### WHAT THE TASK ASKS
Below are some entries. Repeat exactly the lines from the one with "9. pedestrian at [51, 608, 86, 665]" through the one with "33. pedestrian at [659, 624, 689, 666]", and only those.

#### DATA SHOWN ####

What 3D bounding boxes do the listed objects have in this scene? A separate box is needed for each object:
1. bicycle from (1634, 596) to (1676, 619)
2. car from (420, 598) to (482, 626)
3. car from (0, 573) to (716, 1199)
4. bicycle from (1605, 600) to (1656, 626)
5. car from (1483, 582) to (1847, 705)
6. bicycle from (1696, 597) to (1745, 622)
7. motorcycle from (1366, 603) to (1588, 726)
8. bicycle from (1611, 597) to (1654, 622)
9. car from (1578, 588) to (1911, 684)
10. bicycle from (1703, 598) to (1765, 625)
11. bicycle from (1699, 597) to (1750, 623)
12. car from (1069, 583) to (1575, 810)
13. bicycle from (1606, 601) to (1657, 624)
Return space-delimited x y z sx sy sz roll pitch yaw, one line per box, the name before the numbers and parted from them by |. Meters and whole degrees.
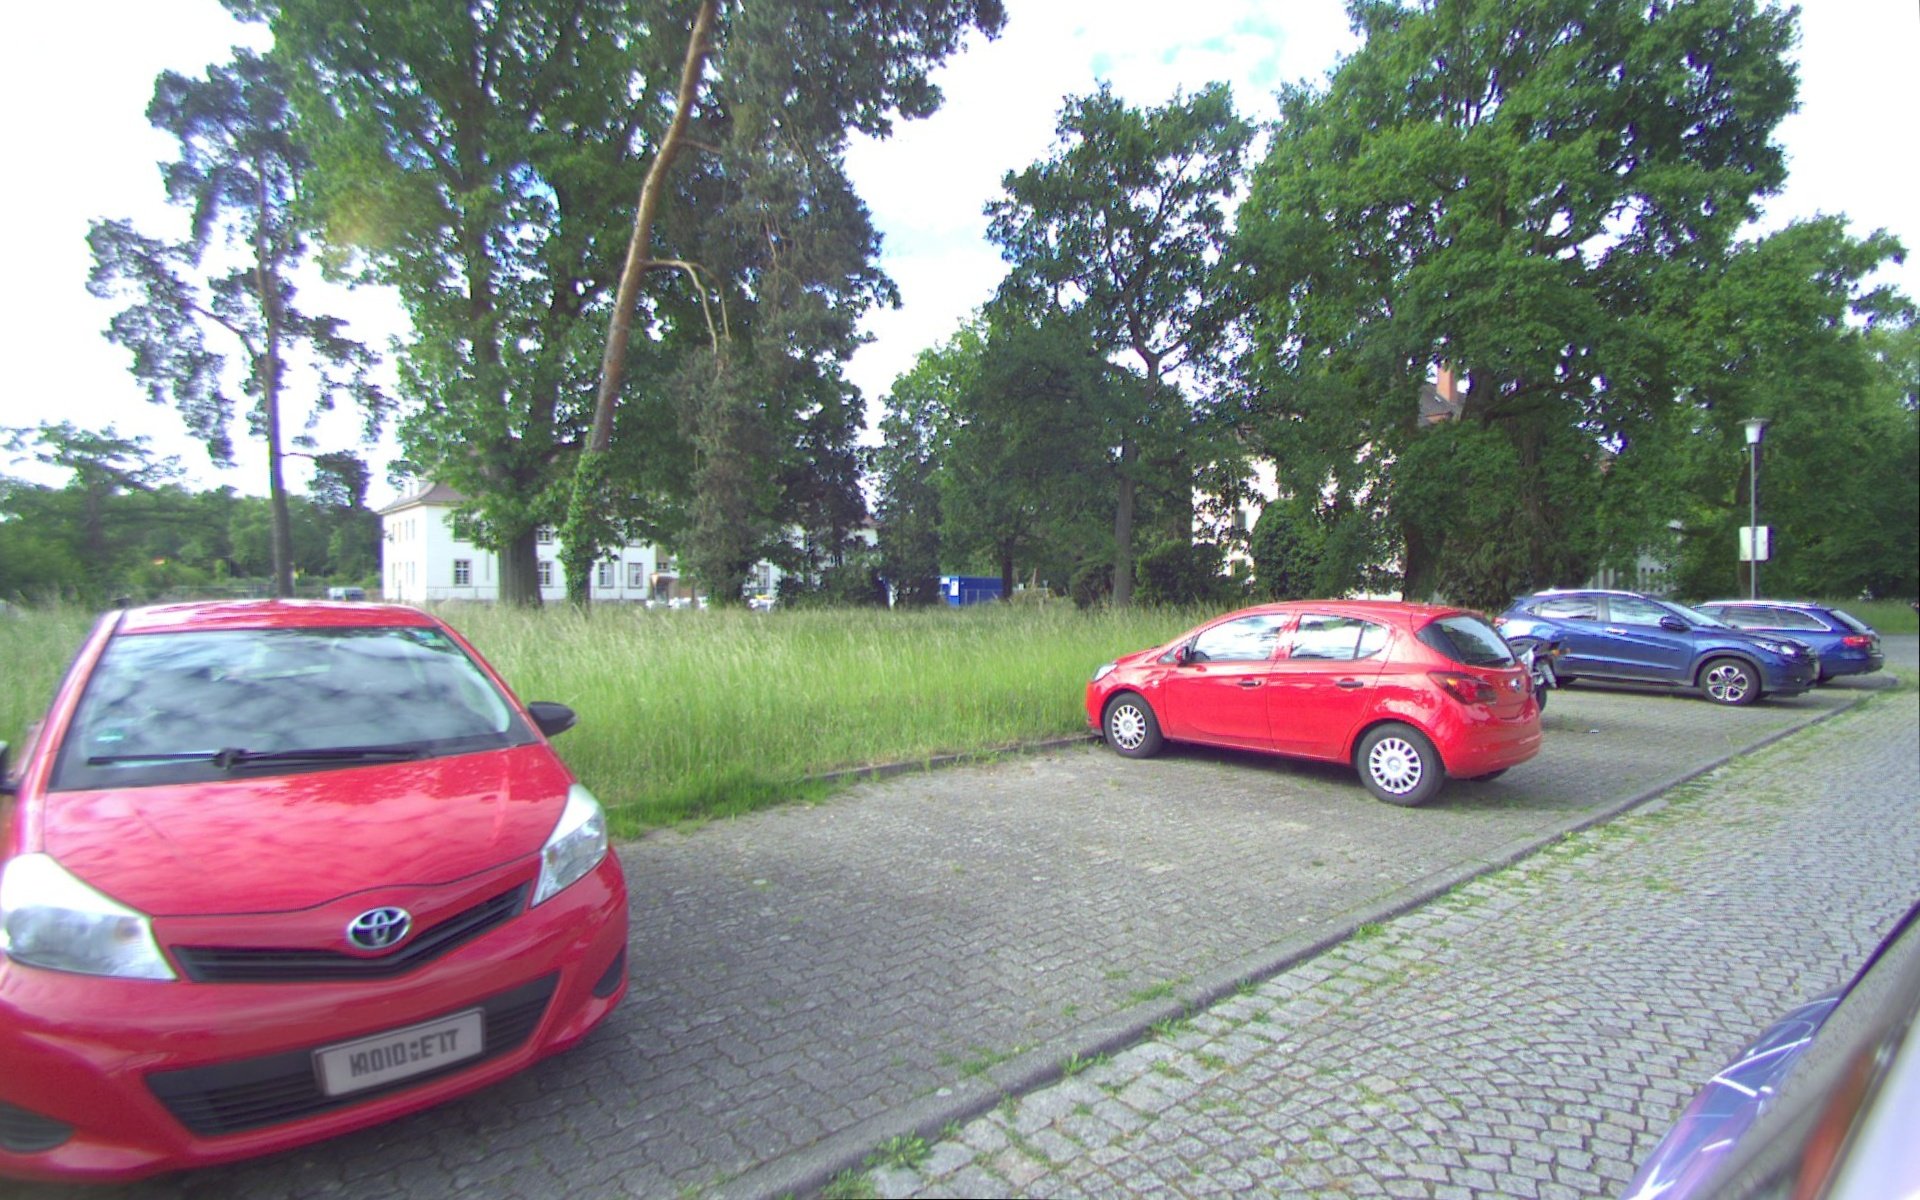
bicycle | 32.600 0.350 47.464 1.550 1.047 0.472 0 0 26
car | -40.716 0.980 80.897 5.810 2.039 2.450 -2 0 42
car | -2.688 0.708 4.046 1.708 1.538 3.993 0 0 -41
bicycle | 29.319 0.543 44.284 1.792 1.101 0.475 0 2 23
car | 10.634 0.544 15.533 1.862 1.593 4.270 0 1 -41
bicycle | 35.042 0.442 46.643 1.734 1.101 0.548 0 2 28
motorcycle | 6.020 0.695 11.919 2.265 1.291 0.596 1 1 44
bicycle | 30.585 0.438 46.038 1.545 1.102 0.559 0 0 19
car | 14.203 0.555 18.580 1.860 1.483 4.518 0 1 -37
bicycle | 32.495 0.481 42.494 1.998 1.101 0.474 0 2 28
bicycle | 34.694 0.451 45.951 1.791 1.101 0.548 0 2 28
car | 2.958 0.625 8.876 1.708 1.524 3.845 0 1 -42
bicycle | 29.675 0.557 44.736 1.835 1.002 0.453 0 0 23
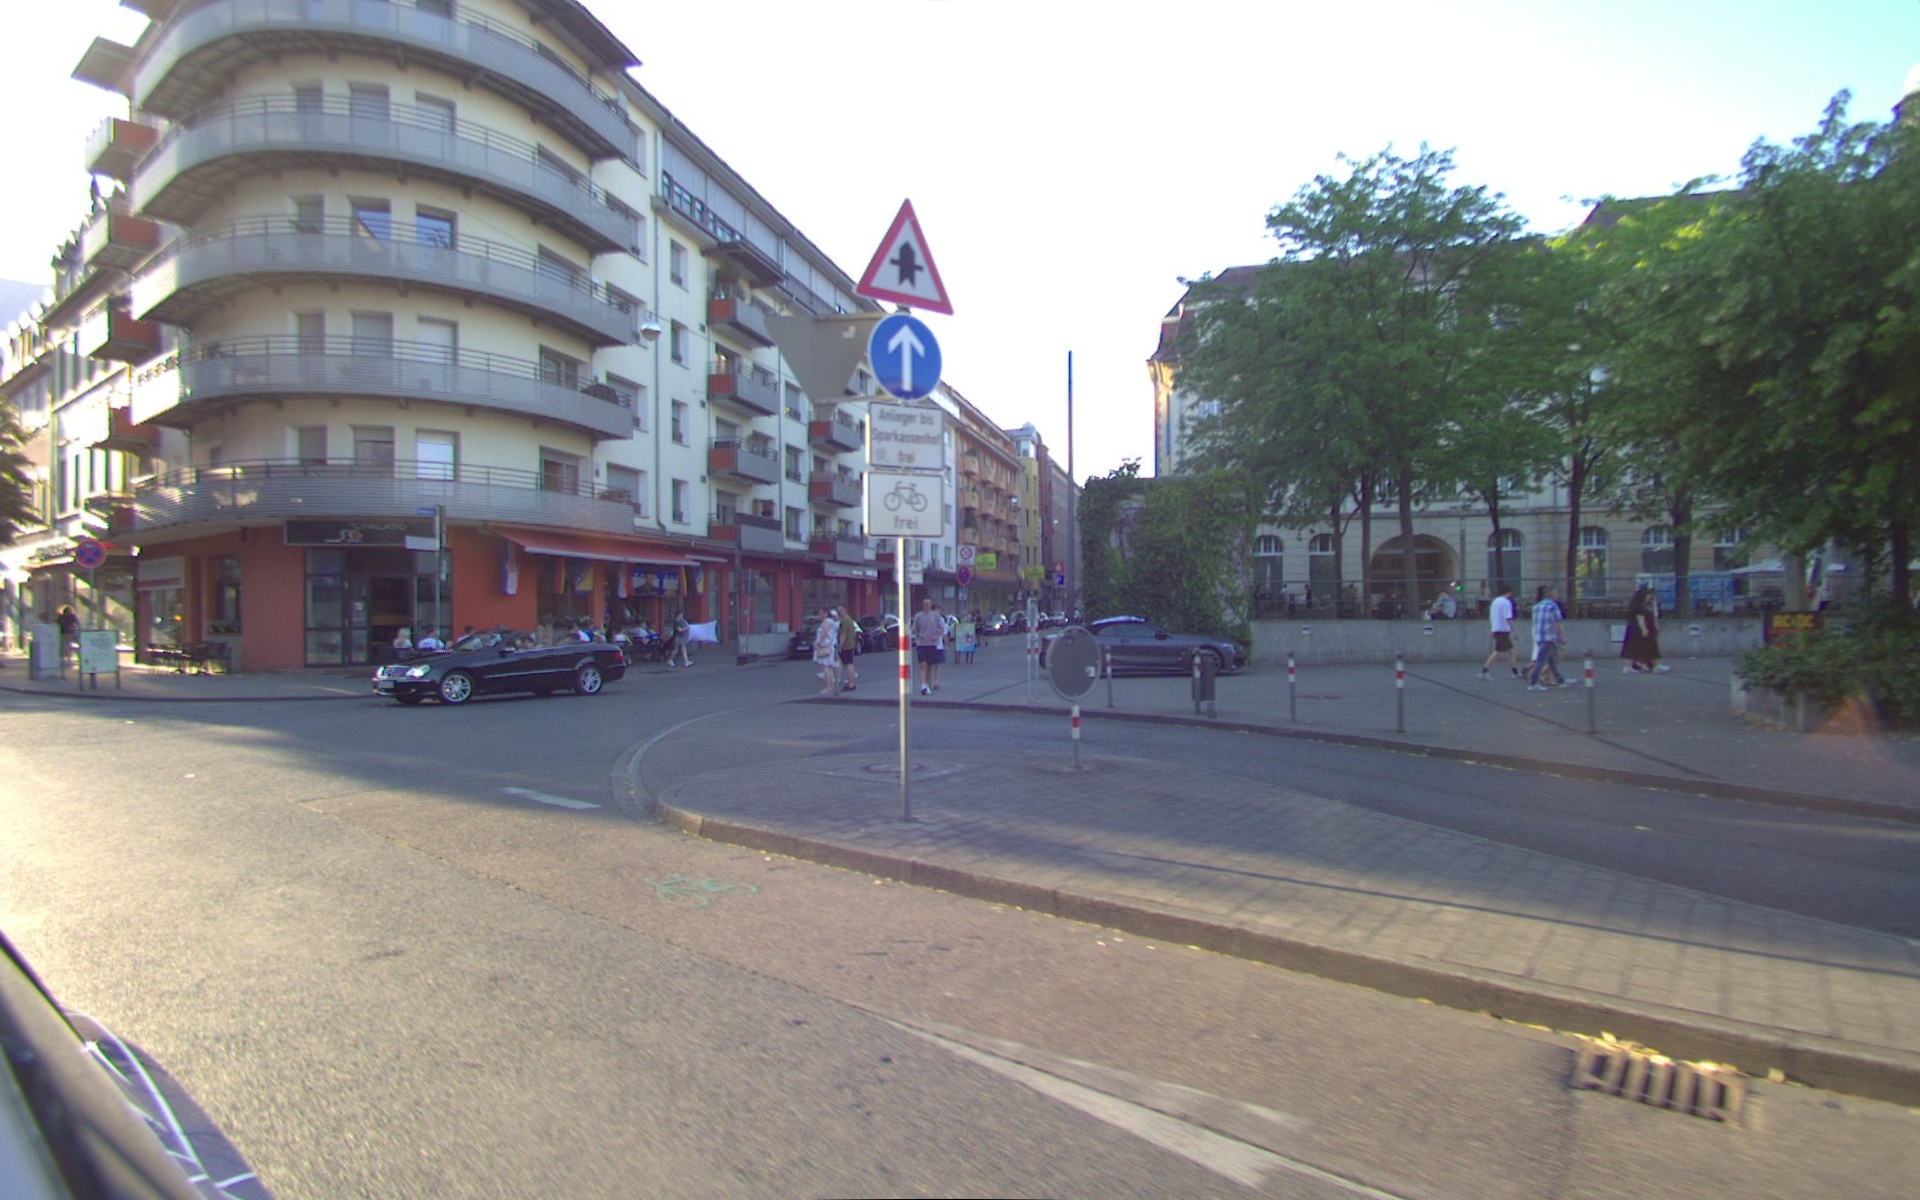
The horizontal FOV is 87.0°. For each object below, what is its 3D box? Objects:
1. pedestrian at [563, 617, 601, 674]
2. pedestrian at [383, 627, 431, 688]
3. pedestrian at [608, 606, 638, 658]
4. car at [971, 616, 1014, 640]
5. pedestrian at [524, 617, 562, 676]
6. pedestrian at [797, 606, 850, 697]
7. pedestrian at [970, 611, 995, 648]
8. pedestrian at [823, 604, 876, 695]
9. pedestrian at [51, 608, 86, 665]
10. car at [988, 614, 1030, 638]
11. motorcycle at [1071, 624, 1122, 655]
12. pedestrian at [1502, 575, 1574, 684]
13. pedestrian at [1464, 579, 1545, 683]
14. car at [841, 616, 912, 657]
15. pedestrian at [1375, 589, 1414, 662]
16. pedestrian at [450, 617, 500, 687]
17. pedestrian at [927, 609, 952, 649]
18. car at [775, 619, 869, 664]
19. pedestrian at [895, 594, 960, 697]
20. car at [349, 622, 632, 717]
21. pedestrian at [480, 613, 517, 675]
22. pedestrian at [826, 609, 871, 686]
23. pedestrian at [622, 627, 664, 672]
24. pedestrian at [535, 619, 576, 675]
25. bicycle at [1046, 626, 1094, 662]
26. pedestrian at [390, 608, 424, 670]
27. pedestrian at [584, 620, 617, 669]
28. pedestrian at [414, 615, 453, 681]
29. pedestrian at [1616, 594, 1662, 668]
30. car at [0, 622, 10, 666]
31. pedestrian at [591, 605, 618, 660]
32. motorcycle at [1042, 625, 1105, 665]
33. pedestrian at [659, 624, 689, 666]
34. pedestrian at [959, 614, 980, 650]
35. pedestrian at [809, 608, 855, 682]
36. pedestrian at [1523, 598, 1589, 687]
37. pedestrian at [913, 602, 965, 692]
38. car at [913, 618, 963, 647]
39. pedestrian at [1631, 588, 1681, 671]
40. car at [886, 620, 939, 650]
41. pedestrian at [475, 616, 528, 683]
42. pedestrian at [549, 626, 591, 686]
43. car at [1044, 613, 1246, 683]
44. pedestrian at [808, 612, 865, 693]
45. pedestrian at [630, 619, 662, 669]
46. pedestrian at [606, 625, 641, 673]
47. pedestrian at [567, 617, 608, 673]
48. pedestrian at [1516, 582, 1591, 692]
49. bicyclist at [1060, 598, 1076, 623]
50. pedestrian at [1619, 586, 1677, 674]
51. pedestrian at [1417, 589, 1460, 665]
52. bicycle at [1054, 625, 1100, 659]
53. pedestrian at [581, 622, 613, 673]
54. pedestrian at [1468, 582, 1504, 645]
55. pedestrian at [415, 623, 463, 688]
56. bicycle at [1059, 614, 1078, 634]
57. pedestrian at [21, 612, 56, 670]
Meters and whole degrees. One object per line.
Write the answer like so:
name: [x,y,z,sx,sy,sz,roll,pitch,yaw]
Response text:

####

### EXERCISE OUTPUT
9. pedestrian at [51, 608, 86, 665]
10. car at [988, 614, 1030, 638]
11. motorcycle at [1071, 624, 1122, 655]
12. pedestrian at [1502, 575, 1574, 684]
13. pedestrian at [1464, 579, 1545, 683]
14. car at [841, 616, 912, 657]
15. pedestrian at [1375, 589, 1414, 662]
16. pedestrian at [450, 617, 500, 687]
17. pedestrian at [927, 609, 952, 649]
18. car at [775, 619, 869, 664]
19. pedestrian at [895, 594, 960, 697]
20. car at [349, 622, 632, 717]
21. pedestrian at [480, 613, 517, 675]
22. pedestrian at [826, 609, 871, 686]
23. pedestrian at [622, 627, 664, 672]
24. pedestrian at [535, 619, 576, 675]
25. bicycle at [1046, 626, 1094, 662]
26. pedestrian at [390, 608, 424, 670]
27. pedestrian at [584, 620, 617, 669]
28. pedestrian at [414, 615, 453, 681]
29. pedestrian at [1616, 594, 1662, 668]
30. car at [0, 622, 10, 666]
31. pedestrian at [591, 605, 618, 660]
32. motorcycle at [1042, 625, 1105, 665]
33. pedestrian at [659, 624, 689, 666]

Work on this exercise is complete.